Gwadar, which is located close to the Makran Trench, last saw a huge earthquake of 8.1 magnitudes in 1945, which triggered a tsunami that battered Iran, Pakistan, Oman and India and killed around 4,000 people. The trench is the meeting point for two tectonic plates.
To prevent such a catastrophe, a team of 40 researchers from China and Pakistan boarded the Experimental 3 vessel for the trench last month and did a 'CT scan' (geological survey) in the region. However, not much is known about the zone, the South China Morning Post reported.
The Gwadar port has been leased to China for 40 years and any potential disaster in the area could undermine Beijing's ambitions to revive the ancient trade route from China through Asia to Africa and Europe.
The CPEC project is also a part of China's 'Belt and Road Initiative', a vast infrastructure and trade programme to project China's infrastructural dominance abroad.
Seismologist Yang Hongfeng, from the Chinese University of Hong Kong, said scientific expeditions in the region were quite rare.
"A lot of important scientific questions remain unanswered. The results will definitely advance our understanding, [while] providing critical data to reduce the risk in the region," Yang said.
The expedition is being done to have a better understanding of the subduction zone. According to scientists, this is quite unusual since it has a thick deposit of soft sediment several kilometres below the Earth.
Asif Inam, the director general of National Institute of Oceanography (NIO) said, "The expedition is a joint effort by the South China Sea Institute of Oceanology in Guangzhou and the NIO in Pakistan. It is funded largely by the Chinese government-funded Chinese Academy of Sciences".
"The information and data being collected during the expedition would make a significant contribution to coastal developers and planners," he added.

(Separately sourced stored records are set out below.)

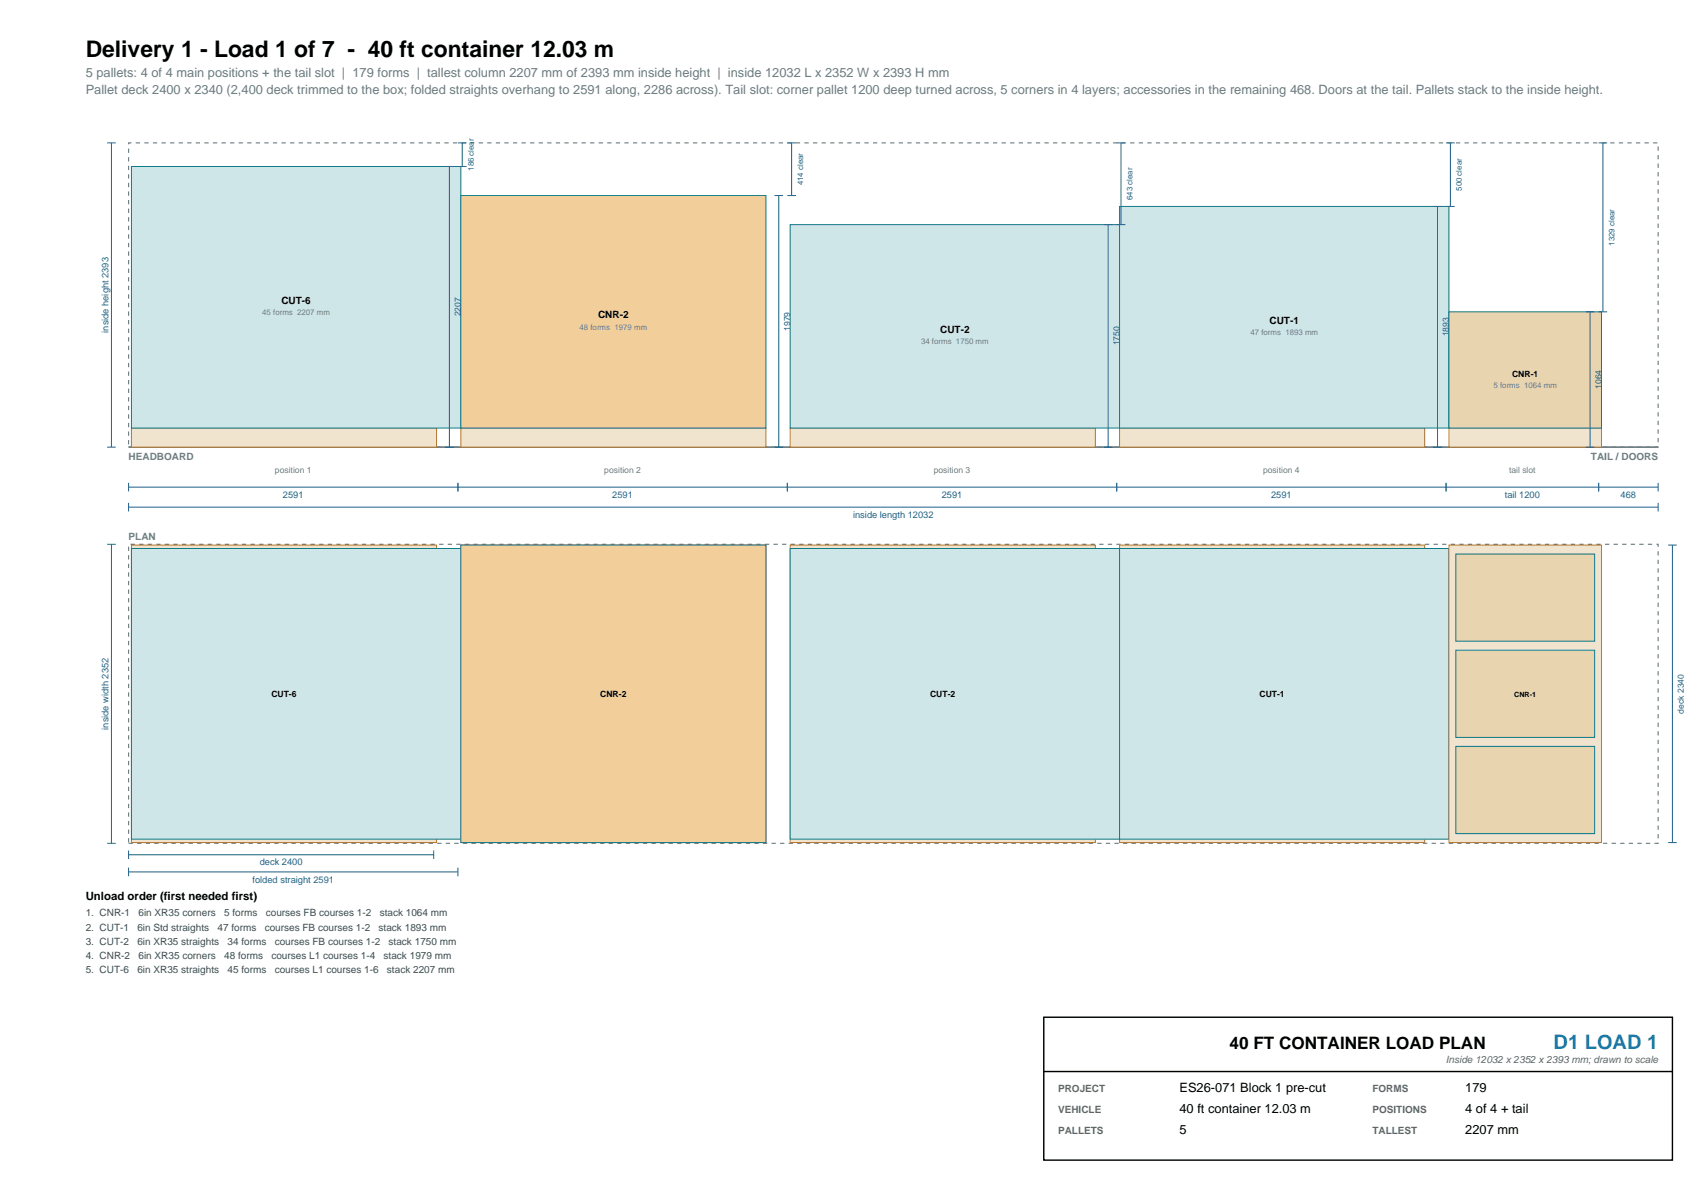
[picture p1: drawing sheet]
<svg xmlns="http://www.w3.org/2000/svg" width="420mm" height="297mm" viewBox="0 0 420 297" stroke-linecap="round" stroke-linejoin="round" font-family="sans-serif">
<defs><g id="words">
<text font-size="5.6" x="21.2" y="14.1">Delivery 1 - Load 1 of 7 - 40 ft container 12.03 m</text>
<text font-size="4.9" fill="#1976d2" x="383.6" y="258.9">D1 LOAD 1</text>
<text font-size="4.2" x="303.6" y="258.9">40 FT CONTAINER LOAD PLAN</text>
<g font-size="3.2" fill="#6b7c81">
<text x="21.2" y="19.1">5 pallets: 4 of 4 main positions + the tail slot | 179 forms | tallest column 2207 mm of 2393 mm inside height | inside 12032 L x 2352 W x 2393 H mm</text>
<text x="21.2" y="23.3">Pallet deck 2400 x 2340 (2,400 deck trimmed to the box; folded straights overhang to 2591 along, 2286 across). Tail slot: corner pallet 1200 deep turned across, 5 corners in 4 layers; accessories in the remaining 468. Doors at the tail. Pallets stack to the inside height.</text>
</g>
<g font-size="3.2">
<text x="291.2" y="269.5">ES26-071 Block 1 pre-cut</text>
<text x="361.8" y="269.5">179</text>
<text x="291.2" y="274.8">40 ft container 12.03 m</text>
<text x="361.8" y="274.8">4 of 4 + tail</text>
<text x="291.2" y="280.1">5</text>
<text x="361.8" y="280.1">2207 mm</text>
</g>
<text font-size="2.8" x="21.2" y="222.3">Unload order (first needed first)</text>
<g font-size="2.5">
<text x="69.5" y="75">CUT-6</text>
<text x="147.7" y="78.6">CNR-2</text>
<text x="232.1" y="82.2">CUT-2</text>
<text x="313.5" y="80">CUT-1</text>
</g>
<g font-size="2.5" fill="#6b7c81">
<text x="31.7" y="113.6">HEADBOARD</text>
<text x="392.8" y="113.6">TAIL / DOORS</text>
<text x="31.7" y="133.3">PLAN</text>
</g>
<g font-size="2.5" fill="#3d4c50">
<text x="21.2" y="226.2">1. CNR-1</text>
<text x="34.2" y="226.2">6in XR35 corners</text>
<text x="55.3" y="226.2">5 forms</text>
<text x="65.6" y="226.2">courses FB courses 1-2</text>
<text x="93.8" y="226.2">stack 1064 mm</text>
<text x="21.2" y="229.7">2. CUT-1</text>
<text x="21.2" y="233.3">3. CUT-2</text>
<text x="33.9" y="229.7">6in Std straights</text>
<text x="33.9" y="233.3">6in XR35 straights</text>
<text x="53.7" y="229.7">47 forms</text>
<text x="56.2" y="233.3">34 forms</text>
<text x="65.4" y="229.7">courses FB courses 1-2</text>
<text x="67.8" y="233.3">courses FB courses 1-2</text>
<text x="93.5" y="229.7">stack 1893 mm</text>
<text x="96" y="233.3">stack 1750 mm</text>
<text x="21.2" y="236.8">4. CNR-2</text>
<text x="34.2" y="236.8">6in XR35 corners</text>
<text x="55.3" y="236.8">48 forms</text>
<text x="67" y="236.8">courses L1 courses 1-4</text>
<text x="94.7" y="236.8">stack 1979 mm</text>
<text x="21.2" y="240.3">5. CUT-6</text>
<text x="33.9" y="240.3">6in XR35 straights</text>
<text x="56.2" y="240.3">45 forms</text>
<text x="67.8" y="240.3">courses L1 courses 1-6</text>
<text x="95.6" y="240.3">stack 2207 mm</text>
</g>
<g font-size="2.5" fill="#666">
<text x="357" y="262.4">Inside 12032 x 2352 x 2393 mm; drawn to scale</text>
<text x="261.3" y="269.5">PROJECT</text>
<text x="338.9" y="269.5">FORMS</text>
<text x="261.3" y="274.8">VEHICLE</text>
<text x="338.9" y="274.8">POSITIONS</text>
<text x="261.3" y="280.1">PALLETS</text>
<text x="338.9" y="280.1">TALLEST</text>
</g>
<g font-size="2.3" fill="#1f5f8b">
<text x="26.8" y="82.1" transform="rotate(-90 26.8 82.1)">inside height 2393</text>
<text x="69.9" y="122.9">2591</text>
<text x="151.2" y="122.9">2591</text>
<text x="232.5" y="122.9">2591</text>
<text x="313.8" y="122.9">2591</text>
<text x="371.6" y="122.9">tail 1200</text>
<text x="400.2" y="122.9">468</text>
<text x="210.6" y="127.9">inside length 12032</text>
<text x="26.8" y="180.2" transform="rotate(-90 26.8 180.2)">inside width 2352</text>
<text x="64.1" y="213.7">deck 2400</text>
<text x="62.3" y="217.9">folded straight 2591</text>
</g>
<g font-size="2.1" fill="#1f5f8b">
<text x="113.8" y="78.1" transform="rotate(-90 113.8 78.1)">2207</text>
<text x="195.1" y="81.7" transform="rotate(-90 195.1 81.7)">1979</text>
<text x="357.8" y="83" transform="rotate(-90 357.8 83)">1893</text>
<text x="276.4" y="85.3" transform="rotate(-90 276.4 85.3)">1750</text>
<text x="395.4" y="96" transform="rotate(-90 395.4 96)">1064</text>
<text x="415.8" y="176.2" transform="rotate(-90 415.8 176.2)">deck 2340</text>
</g>
<g font-size="2.1">
<text x="373.4" y="93">CNR-1</text>
<text x="67" y="172">CUT-6</text>
<text x="148.2" y="172">CNR-2</text>
<text x="229.7" y="172">CUT-2</text>
<text x="311" y="172">CUT-1</text>
</g>
<g font-size="2.1" fill="#6b7c81">
<text x="67.9" y="116.7">position 1</text>
<text x="149.2" y="116.7">position 2</text>
<text x="230.5" y="116.7">position 3</text>
<text x="311.9" y="116.7">position 4</text>
<text x="372.6" y="116.7">tail slot</text>
</g>
<g font-size="1.9" fill="#1f5f8b">
<text x="117" y="42.2" transform="rotate(-90 117 42.2)">186 clear</text>
<text x="198.3" y="45.8" transform="rotate(-90 198.3 45.8)">414 clear</text>
<text x="360.9" y="47.1" transform="rotate(-90 360.9 47.1)">500 clear</text>
<text x="279.6" y="49.4" transform="rotate(-90 279.6 49.4)">643 clear</text>
<text x="398.6" y="60.7" transform="rotate(-90 398.6 60.7)">1329 clear</text>
</g>
<g font-size="1.9" fill="#6b7c81">
<text x="64.8" y="77.9">45 forms 2207 mm</text>
<text x="143.1" y="81.5">48 forms 1979 mm</text>
<text x="308.7" y="82.8">47 forms 1893 mm</text>
<text x="227.4" y="85">34 forms 1750 mm</text>
<text x="368.8" y="95.8">5 forms 1064 mm</text>
</g>
<text font-size="1.8" x="373.9" y="172">CNR-1</text>
</g></defs>
<path d="M31.7 35.3h377.7v75.1h-377.7z" fill="none" stroke="#6b7c81" stroke-width=".28" stroke-dasharray="1.1 1.1" stroke-linecap="butt"/>
<path d="M31.7 110.4h377.7" fill="none" stroke="#6b7c81" stroke-width=".42"/>
<path d="M32.5 105.7h75.3v4.7h-75.3z" fill-rule="evenodd" fill="#f0e4ce" stroke="#b4762b" stroke-width=".25"/>
<path d="M32.5 41.1h81.3v64.6h-81.3z" fill-rule="evenodd" fill="#cfe6e9" stroke="#0e7c86" stroke-width=".25"/>
<path d="M113.8 105.7h75.3v4.7h-75.3z" fill-rule="evenodd" fill="#f0e4ce" stroke="#b4762b" stroke-width=".25"/>
<path d="M113.8 48.3h75.3v57.4h-75.3z" fill-rule="evenodd" fill="#f2ce9b" stroke="#0e7c86" stroke-width=".25"/>
<path d="M195.1 105.7h75.3v4.7h-75.3z" fill-rule="evenodd" fill="#f0e4ce" stroke="#b4762b" stroke-width=".25"/>
<path d="M195.1 55.5h81.3v50.2h-81.3z" fill-rule="evenodd" fill="#cfe6e9" stroke="#0e7c86" stroke-width=".25"/>
<path d="M276.4 105.7h75.4v4.7h-75.4z" fill-rule="evenodd" fill="#f0e4ce" stroke="#b4762b" stroke-width=".25"/>
<path d="M276.4 51h81.4v54.7h-81.4z" fill-rule="evenodd" fill="#cfe6e9" stroke="#0e7c86" stroke-width=".25"/>
<path d="M357.8 105.7h37.6v4.7h-37.6z" fill-rule="evenodd" fill="#f0e4ce" stroke="#b4762b" stroke-width=".25"/>
<path d="M357.8 77h37.6v28.7h-37.6z" fill-rule="evenodd" fill="#e8d5b0" stroke="#0e7c86" stroke-width=".25"/>
<g fill="none" stroke="#1f5f8b" stroke-width=".25">
<path d="M26.5 35.3h2.1M27.5 35.3v75.1M113.1 35.3h2.1M114.1 35.3v5.8M194.4 35.3h2.1M195.5 35.3v13M275.7 35.3h2.1M276.8 35.3v20.2M357.1 35.3h2.1M358.1 35.3v15.7M394.7 35.3h2.1M395.8 35.3v41.7"/>
<path d="M109.9 41.1h2.1M111 41.1v69.3M113.1 41.1h2.1M191.2 48.3h2.1M192.3 48.3v62.1M194.4 48.3h2.1M272.6 55.5h2.1M273.6 55.5v54.9M275.7 55.5h2.1M353.9 51h2.1M354.9 51v59.4M357.1 51h2.1"/>
<path d="M391.6 77h2.1M392.6 77v33.4M394.7 77h2.1M26.5 110.4h2.1M31.7 119.2v2.1M109.9 110.4h2.1M113.1 119.2v2.1M191.2 110.4h2.1M194.4 119.2v2.1M272.6 110.4h2.1M275.7 119.2v2.1M353.9 110.4h2.1"/>
<path d="M357.1 119.2v2.1M391.6 110.4h2.1M394.7 119.2v2.1M409.4 119.2v2.1M31.7 120.3h377.7M31.7 124.1v2.2M31.7 125.2h377.7M409.4 124.1v2.2"/>
</g>
<path d="M31.7 134.4h377.7v73.8h-377.7z" fill="none" stroke="#6b7c81" stroke-width=".28" stroke-dasharray="1.1 1.1" stroke-linecap="butt"/>
<path d="M32.5 134.6h75.3v73.4h-75.3z" fill-rule="evenodd" fill="#f0e4ce" stroke="#b4762b" stroke-width=".25"/>
<path d="M32.5 135.4h81.3v71.8h-81.3z" fill-rule="evenodd" fill="#cfe6e9" stroke="#0e7c86" stroke-width=".25"/>
<path d="M113.8 134.6h75.3v73.4h-75.3z" fill-rule="evenodd" fill="#f0e4ce" stroke="#b4762b" stroke-width=".25"/>
<path d="M113.8 134.6h75.3v73.4h-75.3z" fill-rule="evenodd" fill="#f2ce9b" stroke="#0e7c86" stroke-width=".25"/>
<path d="M195.1 134.6h75.3v73.4h-75.3z" fill-rule="evenodd" fill="#f0e4ce" stroke="#b4762b" stroke-width=".25"/>
<path d="M195.1 135.4h81.3v71.8h-81.3z" fill-rule="evenodd" fill="#cfe6e9" stroke="#0e7c86" stroke-width=".25"/>
<path d="M276.4 134.6h75.4v73.4h-75.4z" fill-rule="evenodd" fill="#f0e4ce" stroke="#b4762b" stroke-width=".25"/>
<path d="M276.4 135.4h81.4v71.8h-81.4z" fill-rule="evenodd" fill="#cfe6e9" stroke="#0e7c86" stroke-width=".25"/>
<path d="M357.8 134.6h37.6v73.4h-37.6z" fill-rule="evenodd" fill="#f0e4ce" stroke="#b4762b" stroke-width=".25"/>
<g fill="#e8d5b0" stroke="#0e7c86" stroke-width=".25">
<path d="M359.5 184.3h34.2v21.5h-34.2z" fill-rule="evenodd"/>
<path d="M359.5 160.5h34.2v21.6h-34.2z" fill-rule="evenodd"/>
<path d="M359.5 136.8h34.2v21.5h-34.2z" fill-rule="evenodd"/>
</g>
<path d="M26.5 134.4h2.1M27.5 134.4v73.8M411.9 134.6h2.1M412.9 134.6v73.4M26.5 208.2h2.1M31.7 211h75.4M31.7 210v2.1M31.7 214.2v2.1M31.7 215.3h81.4M107.1 210v2.1M113.1 214.2v2.1M411.9 208h2.1" fill="none" stroke="#1f5f8b" stroke-width=".25"/>
<path d="M257.7 251.1h155.2v35.3h-155.2z" fill-rule="evenodd" fill="#fff" stroke="#000" stroke-width=".35"/>
<path d="M257.7 264.5h155.2" fill="none" stroke="#000" stroke-width=".35"/>
<use href="#words"/>
</svg>

Meanwhile, the threat of an earthquake or tsunami near Gwadar port is a major concern for both the countries.
"There's a whole lot at stake. The port, if fully developed and operationalised, can be a critical asset for Pakistan, and there's no nation that Pakistan would be more comfortable entrusting it to than its close friend China," Michael Kugelman, said a senior associate for South Asia at the US-based think tank Wilson Centre.
Kugelman said the destructive impact that an earthquake or tsunami could have on the operations of the port should not be overstated, given that actual operations were still limited.
"Still, given issues of proximity and general vulnerability - Pakistan doesn't cope or respond well to natural disasters, given a lack of resources and incapacity - there's certainly reason to believe that intense earthquake activity would pose a clear and present danger to Gwadar," he was quoted as saying in the report.
India is already against the CPEC project since it passes through the disputed Pakistan occupied Kashmir (PoK) region. Reports of China's proposal of building a second overseas military base could create more headache for New Delhi.
"China, India, and Pakistan are on a collision course. This isn't to say we're about to see conflict, but escalations in tensions are highly likely as China steps up its activities in the region, and particularly in Pakistan", Kugelman said.